If the current value of is i ₂₀ and the base current of TRs 9 and 10 is i _B , then the base voltages of TRs 9 and 10 V ₉ and V ₁₀ are V ₉ = V ₁₀ = V _CC −R ₂₁ × (i ₂₀ + i _B ) and changes with fluctuations in the power supply voltage V _CC .
Therefore, the resistance value R ₂₁ of the resistor 21 is set so that the maximum value of the base voltages V ₉ and V ₁₀ satisfies the above formula (3), and the resistance value of the resistors 7 and 8 and the constant current source 4 are set. By setting the current values as explained in FIG. 2, TRs 9, 10, 11, and 12 will not become saturated.

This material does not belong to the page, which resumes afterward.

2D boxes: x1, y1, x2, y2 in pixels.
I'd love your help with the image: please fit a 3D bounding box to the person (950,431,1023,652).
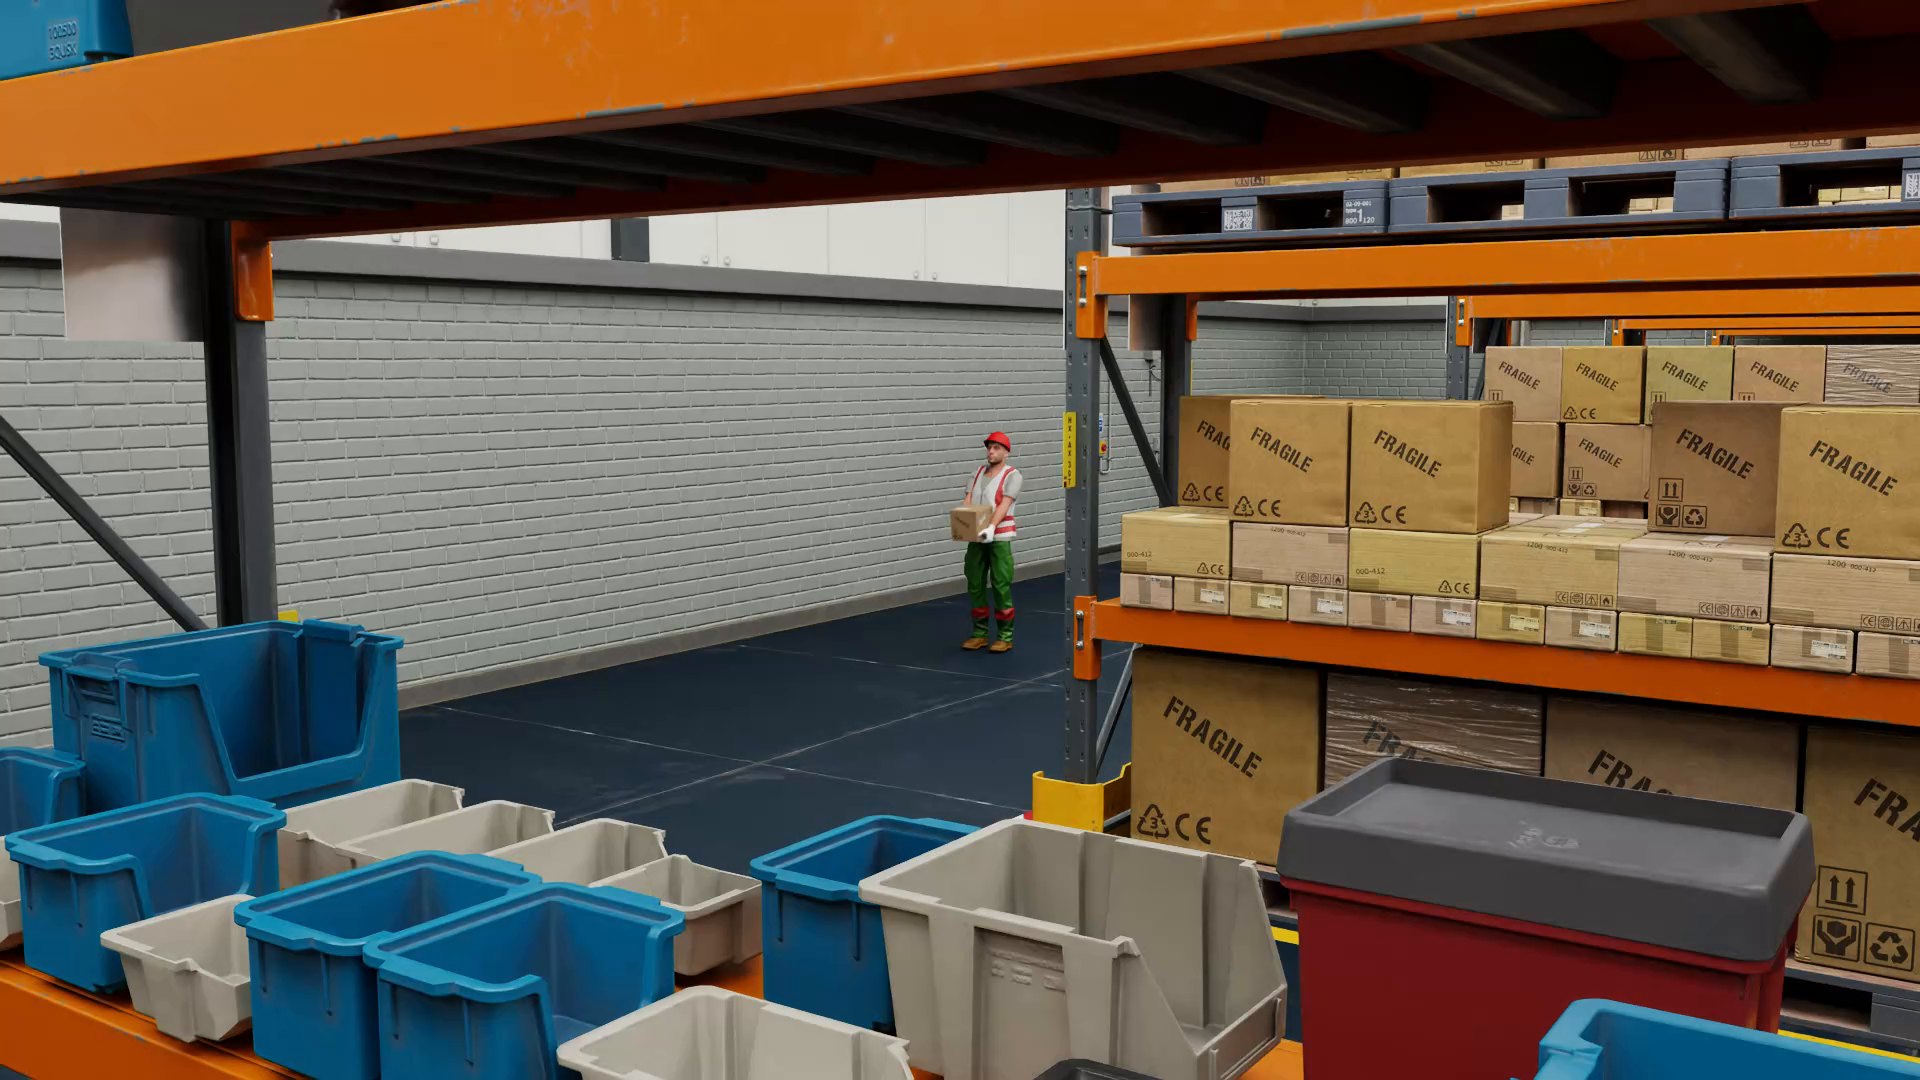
[{"bbox_3d":[0.208,0.019,13.470,0.494,1.782,0.573,4,7,34],"label":"person"}]

FIG. 4 is a circuit diagram of the embodiment of FIG. 2 showing another specific bias voltage generation circuit, in which 22 is a resistor, 23 is a diode, and parts corresponding to those in FIG. 2 are denoted by the same reference numerals. Some explanations will be omitted.

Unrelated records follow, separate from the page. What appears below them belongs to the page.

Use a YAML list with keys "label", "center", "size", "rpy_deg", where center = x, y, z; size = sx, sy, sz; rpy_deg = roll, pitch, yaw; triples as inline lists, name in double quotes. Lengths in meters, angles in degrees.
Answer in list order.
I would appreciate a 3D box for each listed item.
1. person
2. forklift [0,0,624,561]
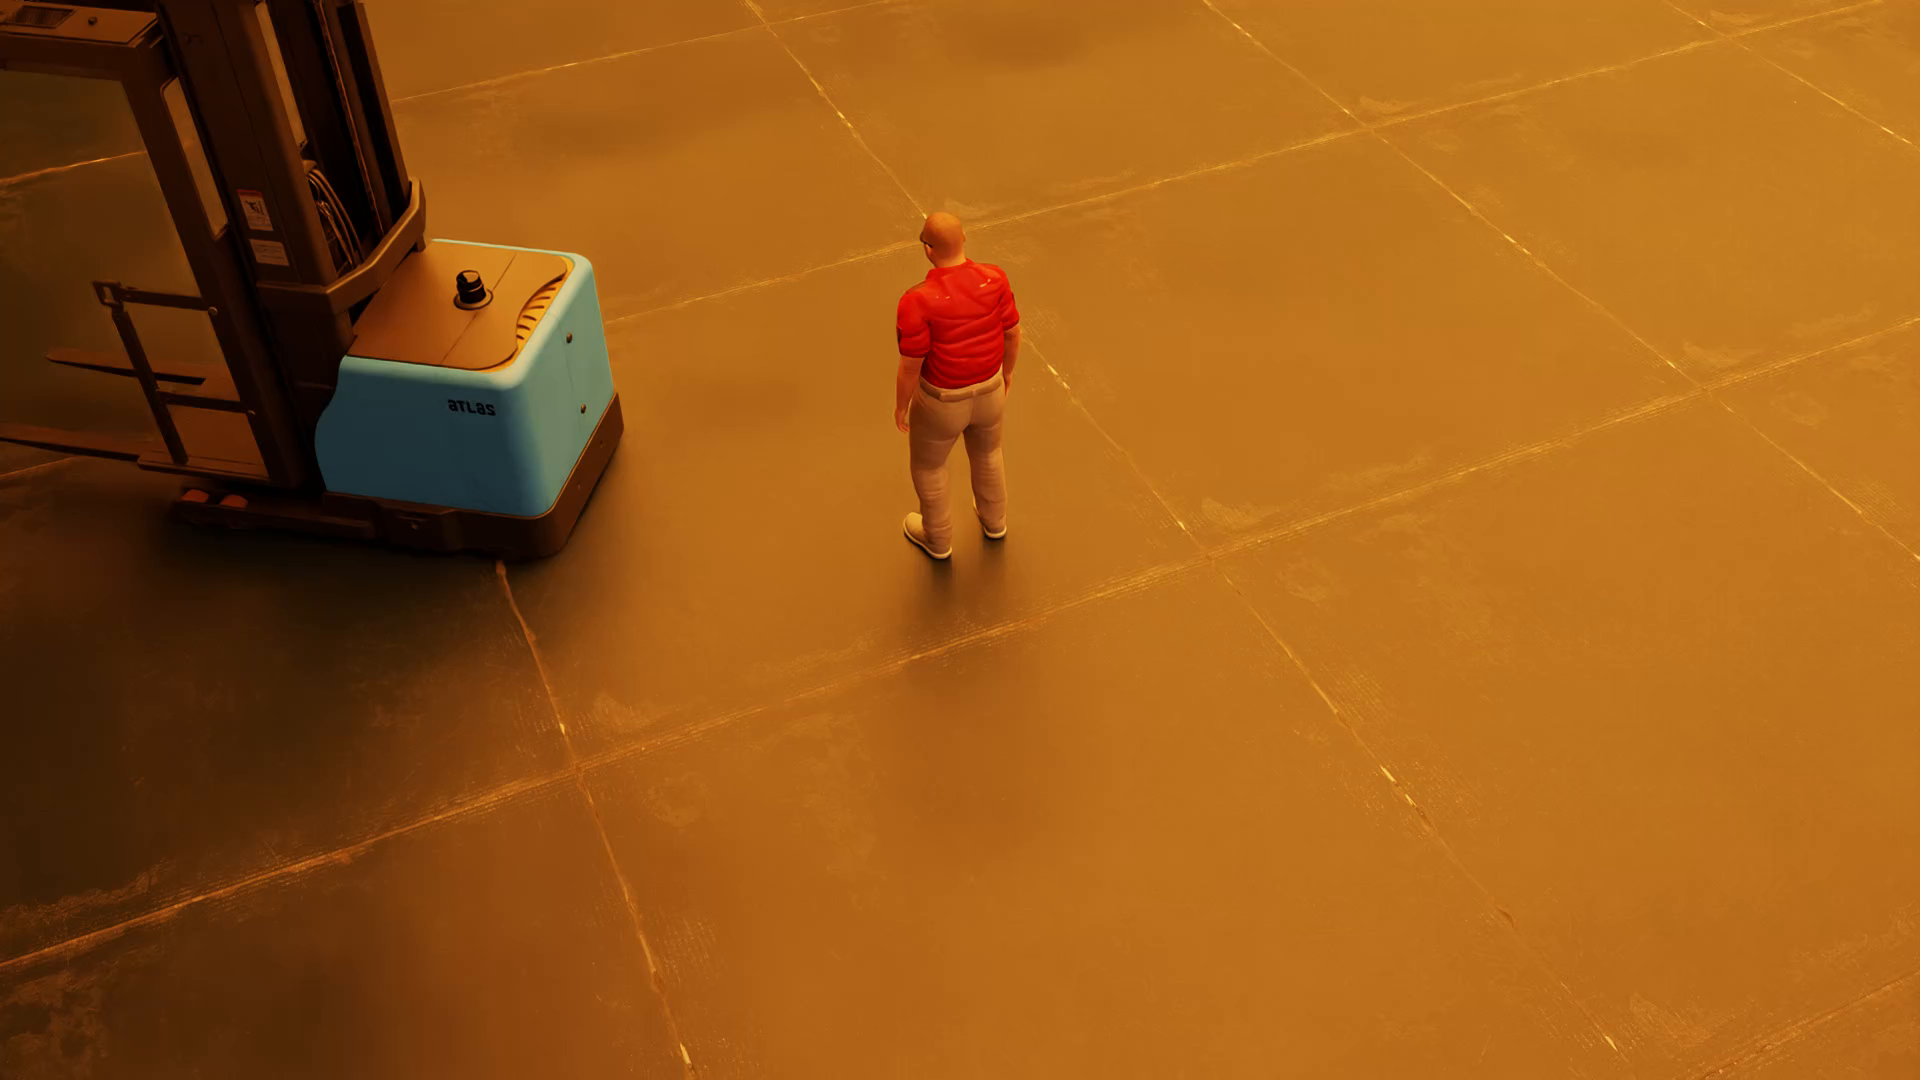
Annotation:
- label: "person"
  center: [-0.023, -0.652, 7.261]
  size: [0.587, 1.726, 0.396]
  rpy_deg: [-19, 46, -19]
- label: "forklift"
  center: [-3.248, -1.469, 7.254]
  size: [3.031, 2.935, 1.130]
  rpy_deg: [7, 44, 8]

In FIG. 4, a resistor 22 and a diode 23 constitute a bias voltage generation circuit 19 (FIG. 2), and the forward voltage of the diode 23 is now
Assuming V _F , the base voltages of TR9 and 10 are V ₉ and V ₁₀
V ₉ =V ₁₀ =V _CC −V _F , which changes with fluctuations in the power supply voltage V _CC .
Therefore, a diode with a forward voltage V _F such that the maximum value of the base voltages V ₉ and V ₁₀ satisfies the above formula (3) is used as the diode 23, and the resistance values of the resistors 7 and 8 and the constant current source By setting the current value of 4 as explained earlier, TR9, 10, 1
1 and 12 are never saturated.

In addition, although the above-mentioned example explained the case where it was used as an input stage of a voltage comparison circuit, the present invention
It is not limited to this.

〔Effect of the invention〕

As explained above, according to the present invention, it is possible to directly handle high input voltages without imposing amplitude restrictions, speeding up and stabilizing the operation, and reducing the number of elements. When making monolithic ICs, the chip size is reduced,
It is possible to realize a low cost, and to provide a differential amplifier circuit with excellent functions without the drawbacks of the above-mentioned conventional technology.

[Brief explanation of drawings]

FIG. 1 is a circuit diagram showing an example of a conventional differential amplifier circuit used as an input stage of a voltage comparison circuit, and FIG. 2 is an embodiment of a differential amplifier circuit according to the present invention used as an input stage of a voltage comparison circuit. FIGS. 3 and 4 are circuit diagrams of the embodiment of FIG. 2, each showing a specific bias circuit. DESCRIPTION OF SYMBOLS 1... Voltage comparison circuit, 4... Constant current source, 5... Comparison voltage source, 7, 8... Load resistance, 13... Power supply voltage source, 1
4...Amplification circuit, 19...Bias voltage generation circuit, 2
0...Current source.

Claims (1)

[Claims] 1 first and second transistors whose respective emitters are connected to a common constant current source; whose emitters are connected to the collector of the first transistor and whose collectors are connected to a voltage source via a first load; The third
a fourth transistor whose emitter is connected to the collector of the second transistor and whose collector is connected to the voltage source via a second load, the bases of the first and second transistors; In a differential amplifier circuit configured to supply first and second input voltages, respectively, a bias voltage generation circuit is provided which is supplied with the voltage of the voltage source and generates a bias voltage according to the voltage. is applied to the bases of the third and fourth transistors.